To illustrate how you can use these functions, consider two sets S and R. The set R is the set of resources locations (stores, hospitals, towers,...). For this example, R contains four points that are the vertices of a square of side length 2 centered at the origin. For each point in S, the following SAS/IML statements compute the closest vertex in R and the second-closest-vertex in R:

/* R = vertices of a square */ R = {-1 -1, /* Pt 1: lower left corner */ 1 -1, /* Pt 2: lower right corner */ 1 1, /* Pt 3: upper right corner */ -1 1}; /* Pt 4: upper left corner */ S = {-0.3 -0.2, /* points inside square */ 0.9 0.6, -0.5 0.8}; k = 2; /* find nearest and second nearest points */ run PairwiseNearestNbr(idx, dist, S, R, k); print idx[c={"Closest" "2nd Closest"} r=("S1":"S3")]; |

The first column in the table shows the indices (row numbers) of the vertices that are nearest to each point of S. The second column shows the second-closest vertices. For example, Pt 1 (the lowest left corner) is the nearest vertex to the first row of S, and Pt 4 (upper left corner) is the second nearest. In a similar way, Pt 3 is the closest vertex to the second row of S, and Pt 4 is the closest vertex to the third row of S.

The PairwiseNearestNbr module also returns the `dist` matrix, which contains the corresponding distances.
The i_th row of `dist` contains the distances from the i_th row of S to the two closest vertices.

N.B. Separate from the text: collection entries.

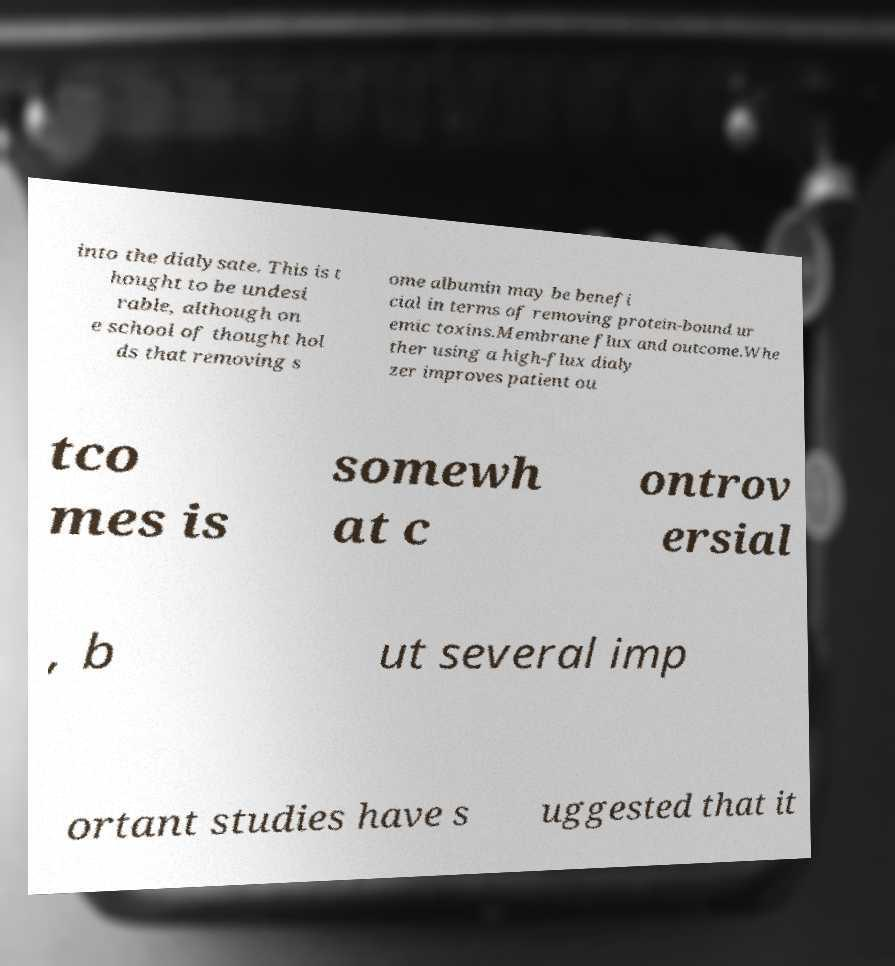Please identify and transcribe the text found in this image. into the dialysate. This is t hought to be undesi rable, although on e school of thought hol ds that removing s ome albumin may be benefi cial in terms of removing protein-bound ur emic toxins.Membrane flux and outcome.Whe ther using a high-flux dialy zer improves patient ou tco mes is somewh at c ontrov ersial , b ut several imp ortant studies have s uggested that it 
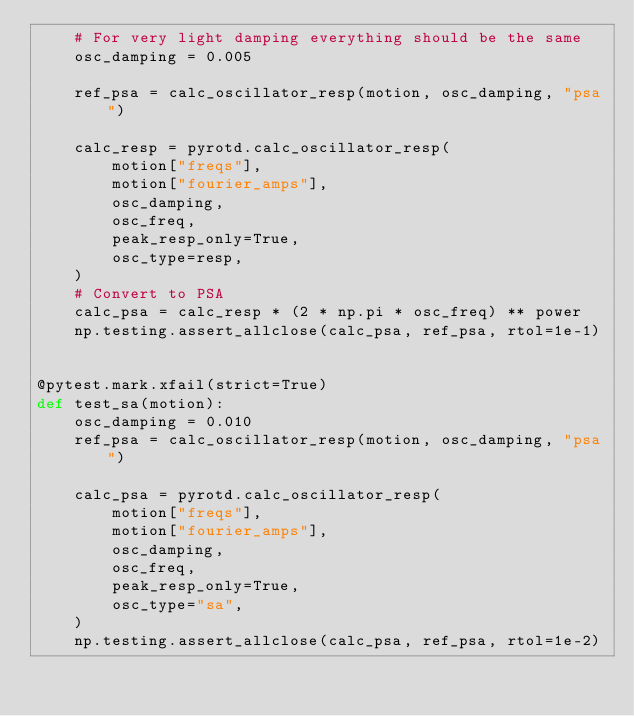Convert code to text. <code><loc_0><loc_0><loc_500><loc_500><_Python_>    # For very light damping everything should be the same
    osc_damping = 0.005

    ref_psa = calc_oscillator_resp(motion, osc_damping, "psa")

    calc_resp = pyrotd.calc_oscillator_resp(
        motion["freqs"],
        motion["fourier_amps"],
        osc_damping,
        osc_freq,
        peak_resp_only=True,
        osc_type=resp,
    )
    # Convert to PSA
    calc_psa = calc_resp * (2 * np.pi * osc_freq) ** power
    np.testing.assert_allclose(calc_psa, ref_psa, rtol=1e-1)


@pytest.mark.xfail(strict=True)
def test_sa(motion):
    osc_damping = 0.010
    ref_psa = calc_oscillator_resp(motion, osc_damping, "psa")

    calc_psa = pyrotd.calc_oscillator_resp(
        motion["freqs"],
        motion["fourier_amps"],
        osc_damping,
        osc_freq,
        peak_resp_only=True,
        osc_type="sa",
    )
    np.testing.assert_allclose(calc_psa, ref_psa, rtol=1e-2)
</code> 
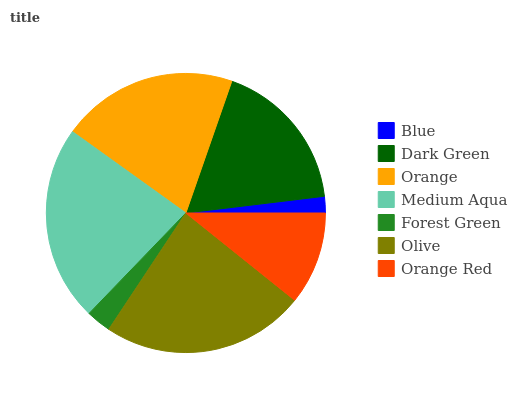Is Blue the minimum?
Answer yes or no. Yes. Is Olive the maximum?
Answer yes or no. Yes. Is Dark Green the minimum?
Answer yes or no. No. Is Dark Green the maximum?
Answer yes or no. No. Is Dark Green greater than Blue?
Answer yes or no. Yes. Is Blue less than Dark Green?
Answer yes or no. Yes. Is Blue greater than Dark Green?
Answer yes or no. No. Is Dark Green less than Blue?
Answer yes or no. No. Is Dark Green the high median?
Answer yes or no. Yes. Is Dark Green the low median?
Answer yes or no. Yes. Is Blue the high median?
Answer yes or no. No. Is Orange the low median?
Answer yes or no. No.

### Coloring points by the closest reference point

In a similar way, you can generate random points in the square and color each point in a scatter plot according to the nearest point in the reference set. The ODS GRAPHICS statement with ATTRPRIORITY=NONE forces the ODS style to cycle though colors and symbols.

ods graphics / attrpriority=NONE width=400px height=400px; /* cycle symbols and colors */ /* Generate 500 random points in square [-1,1] x [-1,1] */ call randseed(12345); S = R // randfun({500 2}, "Uniform", -1, 1); k = 2; run PairwiseNearestNbr(idx, dist, S, R, k); Corner = idx[,1]; /* index of nearest vertex */ title "Points colored by nearest corner"; call scatter(S[,1], S[,2]) group=Corner grid={x y} procopt="aspect=1"; |

The scatter plot shows what you already knew: points in the first quadrant (green Xs) are closest to the vertex at (1,1). Points in the second quadrant (brown triangles) are closest to the vertex at (-1, 1), and so forth. Any points that are equidistant from two or more vertices (such as the origin) are assigned one of the colors arbitrarily. The points were sorted (not shown) so that the order in the legend agrees with the order of the points in R.

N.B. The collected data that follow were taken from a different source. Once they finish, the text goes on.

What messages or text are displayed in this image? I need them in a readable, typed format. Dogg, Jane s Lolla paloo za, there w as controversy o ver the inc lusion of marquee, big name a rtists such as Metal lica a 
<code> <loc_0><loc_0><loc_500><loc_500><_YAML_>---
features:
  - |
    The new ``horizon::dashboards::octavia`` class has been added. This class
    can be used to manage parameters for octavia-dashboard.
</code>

The call to the PairwiseNearestNbr subroutine used *k*=2, which requests the closest and the second closest points. The second-closest indices are located in the second column of the `idx` matrix. If you change the title and set `Corner = idx[,2]`, you can create a scatter plot in which each point is colored by the *second-closest* vertex. That coloration is shown in the scatter plot below.
See if you can understand why each marker in the following scatter plot is colored the way it is. For example, for the point in the first quadrant, their second-closest vertex is either the second vertex (1, -1) or the fourth vertex (-1, 1).

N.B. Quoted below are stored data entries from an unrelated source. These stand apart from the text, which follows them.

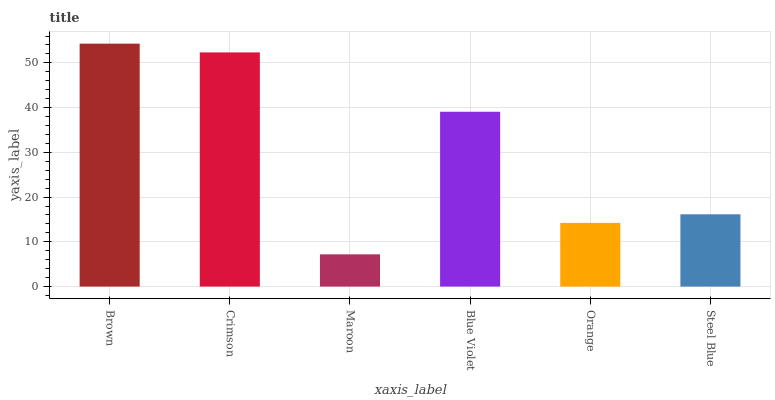Is Maroon the minimum?
Answer yes or no. Yes. Is Brown the maximum?
Answer yes or no. Yes. Is Crimson the minimum?
Answer yes or no. No. Is Crimson the maximum?
Answer yes or no. No. Is Brown greater than Crimson?
Answer yes or no. Yes. Is Crimson less than Brown?
Answer yes or no. Yes. Is Crimson greater than Brown?
Answer yes or no. No. Is Brown less than Crimson?
Answer yes or no. No. Is Blue Violet the high median?
Answer yes or no. Yes. Is Steel Blue the low median?
Answer yes or no. Yes. Is Maroon the high median?
Answer yes or no. No. Is Orange the low median?
Answer yes or no. No. 
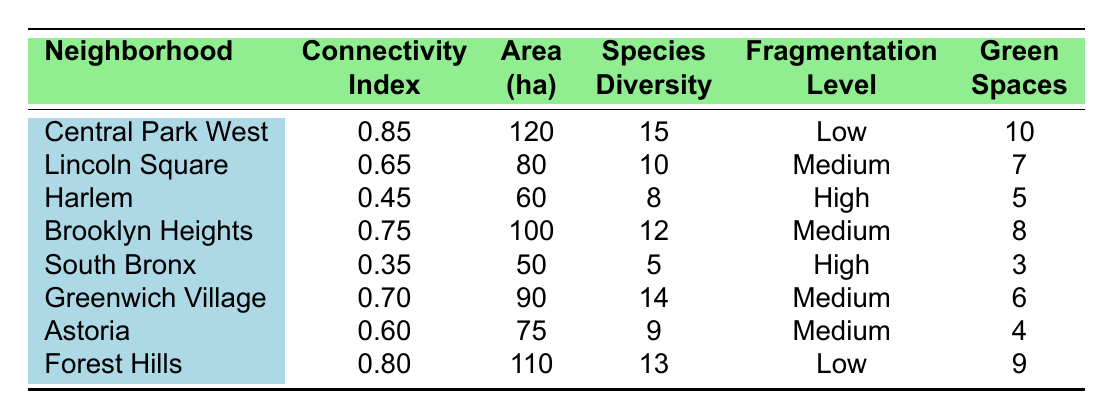What is the connectivity index of Central Park West? According to the table, the connectivity index for Central Park West is given directly as 0.85.
Answer: 0.85 Which neighborhood has the highest species diversity? By examining the species diversity column, Central Park West has the highest species diversity at 15.
Answer: Central Park West What is the area in hectares for Lincoln Square? The table shows that Lincoln Square has an area of 80 hectares.
Answer: 80 How many green spaces are there in the South Bronx? The table lists the number of green spaces in the South Bronx as 3.
Answer: 3 What is the average connectivity index of the neighborhoods listed? The connectivity indices of all neighborhoods are 0.85, 0.65, 0.45, 0.75, 0.35, 0.70, 0.60, and 0.80. Summing them gives 4.65, and dividing by 8 (the number of neighborhoods) results in an average of 0.58125, which we can round to 0.58.
Answer: 0.58 Is the fragmentation level in Forest Hills low? The table states that Forest Hills has a fragmentation level marked as "Low", confirming that is true.
Answer: Yes Which neighborhood has the lowest connectivity index? Looking at the connectivity indices, the South Bronx has the lowest at 0.35.
Answer: South Bronx Compare the area of Brooklyn Heights to that of Harlem. The area of Brooklyn Heights is 100 hectares and the area of Harlem is 60 hectares. The difference is calculated as 100 - 60 = 40 hectares, showing Brooklyn Heights has 40 more hectares.
Answer: 40 hectares Is there any neighborhood with a connectivity index above 0.70 that has a medium fragmentation level? The neighborhoods with a connectivity index above 0.70 are Central Park West (0.85), Brooklyn Heights (0.75), Greenwich Village (0.70), and Forest Hills (0.80). Among these, only Brooklyn Heights has a medium fragmentation level.
Answer: Yes, Brooklyn Heights If you sum the green space counts for all neighborhoods, what is the total? The number of green spaces are 10, 7, 5, 8, 3, 6, 4, and 9. Summing these gives 10 + 7 + 5 + 8 + 3 + 6 + 4 + 9 = 52.
Answer: 52 By how much does the connectivity index differ between Forest Hills and Harlem? The connectivity index for Forest Hills is 0.80 and for Harlem it is 0.45. The difference is 0.80 - 0.45 = 0.35.
Answer: 0.35

In summary, last week I showed how you can find the nearest neighbors among a single set of observations. This article solves a similar problem in which observations are split into two different groups. The functions in this article find the nearest observation in a "reference" or "resource" group for each observation in another group.

I'll conclude by mentioning that you can use these computations to compute the nearest distance between two groups of observations. Simply use *k*=1 and take the minimum distance that is computed by the PairwiseNearestNbr subroutine. This gives the smallest distance between any point in the first group and any point in the second group.